* _What the task asks_: Find every line in the records below that contains the word "parallel", and copy each such line.

* _Task data_:
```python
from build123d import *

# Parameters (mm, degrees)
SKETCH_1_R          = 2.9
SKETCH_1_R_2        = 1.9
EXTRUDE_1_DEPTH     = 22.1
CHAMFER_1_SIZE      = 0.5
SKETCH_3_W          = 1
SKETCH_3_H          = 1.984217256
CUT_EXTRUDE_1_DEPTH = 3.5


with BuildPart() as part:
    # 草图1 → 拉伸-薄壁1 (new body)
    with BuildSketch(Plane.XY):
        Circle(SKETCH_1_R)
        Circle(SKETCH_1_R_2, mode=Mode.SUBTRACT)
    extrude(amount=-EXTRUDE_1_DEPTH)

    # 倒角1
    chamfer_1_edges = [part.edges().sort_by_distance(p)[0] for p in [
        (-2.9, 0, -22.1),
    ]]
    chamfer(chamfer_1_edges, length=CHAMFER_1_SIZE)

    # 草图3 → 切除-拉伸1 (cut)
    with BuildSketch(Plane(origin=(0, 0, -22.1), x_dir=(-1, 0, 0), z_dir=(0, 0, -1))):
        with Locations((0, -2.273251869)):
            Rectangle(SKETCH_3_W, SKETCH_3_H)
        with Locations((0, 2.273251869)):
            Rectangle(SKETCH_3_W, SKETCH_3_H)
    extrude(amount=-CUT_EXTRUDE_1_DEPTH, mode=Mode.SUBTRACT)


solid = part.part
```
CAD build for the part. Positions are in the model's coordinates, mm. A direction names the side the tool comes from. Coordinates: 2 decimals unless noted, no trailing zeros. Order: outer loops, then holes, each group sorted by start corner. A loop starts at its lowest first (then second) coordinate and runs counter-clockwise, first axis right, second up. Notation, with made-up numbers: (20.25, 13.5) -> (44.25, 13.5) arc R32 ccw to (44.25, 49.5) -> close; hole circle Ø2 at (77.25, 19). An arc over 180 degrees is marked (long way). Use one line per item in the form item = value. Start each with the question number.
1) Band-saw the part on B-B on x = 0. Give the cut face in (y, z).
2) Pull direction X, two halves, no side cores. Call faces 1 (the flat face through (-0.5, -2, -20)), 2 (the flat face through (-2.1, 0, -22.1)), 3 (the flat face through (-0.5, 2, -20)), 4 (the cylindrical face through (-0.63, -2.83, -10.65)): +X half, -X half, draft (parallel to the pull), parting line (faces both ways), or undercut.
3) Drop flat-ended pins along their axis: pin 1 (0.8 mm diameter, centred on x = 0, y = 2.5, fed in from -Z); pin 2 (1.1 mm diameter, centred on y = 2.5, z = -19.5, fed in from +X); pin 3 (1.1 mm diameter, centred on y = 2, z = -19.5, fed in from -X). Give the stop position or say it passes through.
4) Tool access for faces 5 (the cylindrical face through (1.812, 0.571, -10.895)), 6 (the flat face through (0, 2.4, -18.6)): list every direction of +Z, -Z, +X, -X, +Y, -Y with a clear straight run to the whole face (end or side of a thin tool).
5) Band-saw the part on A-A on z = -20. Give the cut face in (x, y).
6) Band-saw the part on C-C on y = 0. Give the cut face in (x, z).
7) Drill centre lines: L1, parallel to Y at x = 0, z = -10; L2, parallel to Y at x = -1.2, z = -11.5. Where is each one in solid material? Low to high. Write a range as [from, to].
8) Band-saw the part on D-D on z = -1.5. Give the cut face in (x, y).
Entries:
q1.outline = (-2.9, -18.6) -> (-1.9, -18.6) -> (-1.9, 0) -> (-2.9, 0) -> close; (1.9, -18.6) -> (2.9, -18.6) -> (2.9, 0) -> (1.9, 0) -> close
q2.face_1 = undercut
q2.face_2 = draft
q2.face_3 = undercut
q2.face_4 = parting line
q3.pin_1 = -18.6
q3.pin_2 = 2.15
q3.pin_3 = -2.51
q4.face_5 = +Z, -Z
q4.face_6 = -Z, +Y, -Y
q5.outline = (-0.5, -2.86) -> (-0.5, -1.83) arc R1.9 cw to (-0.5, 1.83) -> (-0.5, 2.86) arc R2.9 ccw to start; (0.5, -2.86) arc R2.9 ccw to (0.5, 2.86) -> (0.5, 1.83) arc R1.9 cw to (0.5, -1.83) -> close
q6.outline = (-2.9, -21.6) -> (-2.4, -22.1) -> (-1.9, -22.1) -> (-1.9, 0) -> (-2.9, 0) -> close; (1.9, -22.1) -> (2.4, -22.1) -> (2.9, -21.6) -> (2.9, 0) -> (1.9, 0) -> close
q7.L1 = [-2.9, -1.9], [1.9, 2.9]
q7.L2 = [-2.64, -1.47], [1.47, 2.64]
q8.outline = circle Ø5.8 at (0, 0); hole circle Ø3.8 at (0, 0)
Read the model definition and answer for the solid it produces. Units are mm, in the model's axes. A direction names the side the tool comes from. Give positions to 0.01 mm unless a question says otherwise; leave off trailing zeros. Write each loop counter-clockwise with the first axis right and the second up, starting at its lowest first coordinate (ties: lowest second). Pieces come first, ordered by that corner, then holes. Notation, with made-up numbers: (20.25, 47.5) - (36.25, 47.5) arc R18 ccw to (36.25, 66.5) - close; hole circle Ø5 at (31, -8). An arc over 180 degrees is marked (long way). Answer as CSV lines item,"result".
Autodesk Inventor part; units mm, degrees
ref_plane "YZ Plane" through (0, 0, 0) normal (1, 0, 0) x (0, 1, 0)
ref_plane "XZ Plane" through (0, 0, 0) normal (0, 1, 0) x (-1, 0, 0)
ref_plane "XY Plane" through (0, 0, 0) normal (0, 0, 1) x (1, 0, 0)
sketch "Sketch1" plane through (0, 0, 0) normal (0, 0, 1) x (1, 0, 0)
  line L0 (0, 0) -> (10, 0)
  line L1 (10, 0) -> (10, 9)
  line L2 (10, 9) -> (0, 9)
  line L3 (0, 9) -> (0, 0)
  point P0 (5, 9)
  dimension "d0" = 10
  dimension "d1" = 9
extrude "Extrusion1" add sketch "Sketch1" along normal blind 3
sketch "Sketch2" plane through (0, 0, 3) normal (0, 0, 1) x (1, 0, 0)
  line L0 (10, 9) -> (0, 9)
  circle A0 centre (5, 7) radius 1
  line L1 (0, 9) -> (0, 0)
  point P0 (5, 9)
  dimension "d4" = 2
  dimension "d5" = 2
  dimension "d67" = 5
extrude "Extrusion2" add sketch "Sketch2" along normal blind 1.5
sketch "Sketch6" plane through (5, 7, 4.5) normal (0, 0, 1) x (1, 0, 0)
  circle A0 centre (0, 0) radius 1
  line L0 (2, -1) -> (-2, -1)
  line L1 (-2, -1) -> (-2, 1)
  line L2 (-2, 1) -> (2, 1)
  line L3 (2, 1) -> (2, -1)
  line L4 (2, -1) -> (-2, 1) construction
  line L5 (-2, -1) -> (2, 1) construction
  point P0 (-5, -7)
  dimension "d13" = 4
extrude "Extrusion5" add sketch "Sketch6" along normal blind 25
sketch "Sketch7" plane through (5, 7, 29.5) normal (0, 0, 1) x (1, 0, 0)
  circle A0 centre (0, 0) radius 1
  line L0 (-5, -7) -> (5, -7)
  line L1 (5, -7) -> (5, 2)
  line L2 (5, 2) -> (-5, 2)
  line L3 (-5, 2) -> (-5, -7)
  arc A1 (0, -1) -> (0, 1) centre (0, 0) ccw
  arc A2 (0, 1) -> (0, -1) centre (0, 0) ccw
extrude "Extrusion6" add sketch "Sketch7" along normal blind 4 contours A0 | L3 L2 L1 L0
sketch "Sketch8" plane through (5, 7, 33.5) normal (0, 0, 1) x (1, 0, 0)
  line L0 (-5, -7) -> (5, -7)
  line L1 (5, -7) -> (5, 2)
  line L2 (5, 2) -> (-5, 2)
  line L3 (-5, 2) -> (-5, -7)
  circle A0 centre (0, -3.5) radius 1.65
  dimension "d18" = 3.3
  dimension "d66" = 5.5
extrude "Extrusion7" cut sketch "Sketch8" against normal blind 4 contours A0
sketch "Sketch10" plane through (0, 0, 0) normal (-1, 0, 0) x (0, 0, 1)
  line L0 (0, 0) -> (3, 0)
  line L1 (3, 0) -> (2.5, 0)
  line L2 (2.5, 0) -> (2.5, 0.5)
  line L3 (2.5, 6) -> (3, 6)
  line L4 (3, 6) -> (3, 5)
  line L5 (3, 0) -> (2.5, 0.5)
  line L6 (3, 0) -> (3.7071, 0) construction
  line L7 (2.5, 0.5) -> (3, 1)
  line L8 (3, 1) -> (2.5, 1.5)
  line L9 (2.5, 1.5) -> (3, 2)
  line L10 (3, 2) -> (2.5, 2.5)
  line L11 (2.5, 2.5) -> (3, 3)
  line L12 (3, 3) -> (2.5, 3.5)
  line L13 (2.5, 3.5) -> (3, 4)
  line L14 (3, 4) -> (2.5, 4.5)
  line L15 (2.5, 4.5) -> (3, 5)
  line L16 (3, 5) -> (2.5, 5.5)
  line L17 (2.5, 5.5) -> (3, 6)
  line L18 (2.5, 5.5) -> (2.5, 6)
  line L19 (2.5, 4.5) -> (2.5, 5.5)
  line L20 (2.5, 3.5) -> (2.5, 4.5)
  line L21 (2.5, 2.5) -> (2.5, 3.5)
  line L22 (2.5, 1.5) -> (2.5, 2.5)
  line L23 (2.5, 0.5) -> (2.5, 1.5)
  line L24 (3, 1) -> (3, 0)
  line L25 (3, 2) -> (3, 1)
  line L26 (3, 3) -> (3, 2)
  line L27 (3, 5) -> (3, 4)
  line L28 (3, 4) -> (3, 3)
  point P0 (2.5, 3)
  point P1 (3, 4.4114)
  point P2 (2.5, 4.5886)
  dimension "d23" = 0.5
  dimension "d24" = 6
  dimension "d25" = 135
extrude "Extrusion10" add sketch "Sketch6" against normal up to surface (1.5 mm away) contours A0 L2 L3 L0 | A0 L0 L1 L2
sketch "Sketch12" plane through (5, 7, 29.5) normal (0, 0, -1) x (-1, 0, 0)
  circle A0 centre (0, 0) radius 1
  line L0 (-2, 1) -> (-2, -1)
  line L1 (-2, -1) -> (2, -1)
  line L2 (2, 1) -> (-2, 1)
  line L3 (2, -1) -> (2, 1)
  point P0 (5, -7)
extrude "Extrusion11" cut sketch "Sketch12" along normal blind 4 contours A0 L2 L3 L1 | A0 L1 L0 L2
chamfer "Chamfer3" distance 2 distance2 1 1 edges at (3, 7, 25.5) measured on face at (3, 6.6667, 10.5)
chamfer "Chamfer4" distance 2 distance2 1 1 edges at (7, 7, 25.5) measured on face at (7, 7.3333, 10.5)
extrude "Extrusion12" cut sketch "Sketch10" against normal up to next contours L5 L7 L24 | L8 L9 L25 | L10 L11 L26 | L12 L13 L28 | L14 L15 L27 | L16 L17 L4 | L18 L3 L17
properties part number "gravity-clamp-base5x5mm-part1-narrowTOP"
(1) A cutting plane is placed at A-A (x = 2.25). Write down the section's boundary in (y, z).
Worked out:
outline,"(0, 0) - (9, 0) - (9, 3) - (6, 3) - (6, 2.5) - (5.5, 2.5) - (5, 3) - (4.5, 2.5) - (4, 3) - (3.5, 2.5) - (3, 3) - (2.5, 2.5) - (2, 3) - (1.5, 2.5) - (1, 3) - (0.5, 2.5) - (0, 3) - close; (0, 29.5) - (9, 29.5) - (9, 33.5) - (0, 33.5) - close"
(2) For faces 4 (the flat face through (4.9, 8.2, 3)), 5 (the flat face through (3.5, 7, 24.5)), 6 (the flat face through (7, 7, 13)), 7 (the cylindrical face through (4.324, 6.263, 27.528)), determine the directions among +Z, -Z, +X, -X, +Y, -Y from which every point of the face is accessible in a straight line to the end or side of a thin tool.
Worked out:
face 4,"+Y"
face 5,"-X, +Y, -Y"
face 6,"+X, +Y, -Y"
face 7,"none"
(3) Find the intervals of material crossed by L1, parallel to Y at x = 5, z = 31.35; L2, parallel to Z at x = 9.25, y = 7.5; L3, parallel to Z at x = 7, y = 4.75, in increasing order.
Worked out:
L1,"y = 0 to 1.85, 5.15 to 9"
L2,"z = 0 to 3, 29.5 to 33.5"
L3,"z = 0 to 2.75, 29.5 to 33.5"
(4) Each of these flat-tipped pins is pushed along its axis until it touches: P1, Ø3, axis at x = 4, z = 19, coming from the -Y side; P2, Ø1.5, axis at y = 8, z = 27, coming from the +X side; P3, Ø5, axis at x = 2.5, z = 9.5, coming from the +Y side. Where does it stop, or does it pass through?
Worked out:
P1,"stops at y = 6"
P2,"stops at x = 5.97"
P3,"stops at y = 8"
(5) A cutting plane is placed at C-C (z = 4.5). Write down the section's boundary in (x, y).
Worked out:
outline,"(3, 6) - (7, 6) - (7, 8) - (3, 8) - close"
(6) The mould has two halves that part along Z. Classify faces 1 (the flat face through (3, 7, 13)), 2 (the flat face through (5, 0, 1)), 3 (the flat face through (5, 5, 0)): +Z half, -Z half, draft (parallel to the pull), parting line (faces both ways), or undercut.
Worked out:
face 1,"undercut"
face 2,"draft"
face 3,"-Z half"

* _Reply to the exercise_:
2) Pull direction X, two halves, no side cores. Call faces 1 (the flat face through (-0.5, -2, -20)), 2 (the flat face through (-2.1, 0, -22.1)), 3 (the flat face through (-0.5, 2, -20)), 4 (the cylindrical face through (-0.63, -2.83, -10.65)): +X half, -X half, draft (parallel to the pull), parting line (faces both ways), or undercut.
7) Drill centre lines: L1, parallel to Y at x = 0, z = -10; L2, parallel to Y at x = -1.2, z = -11.5. Where is each one in solid material? Low to high. Write a range as [from, to].
(3) Find the intervals of material crossed by L1, parallel to Y at x = 5, z = 31.35; L2, parallel to Z at x = 9.25, y = 7.5; L3, parallel to Z at x = 7, y = 4.75, in increasing order.
(6) The mould has two halves that part along Z. Classify faces 1 (the flat face through (3, 7, 13)), 2 (the flat face through (5, 0, 1)), 3 (the flat face through (5, 5, 0)): +Z half, -Z half, draft (parallel to the pull), parting line (faces both ways), or undercut.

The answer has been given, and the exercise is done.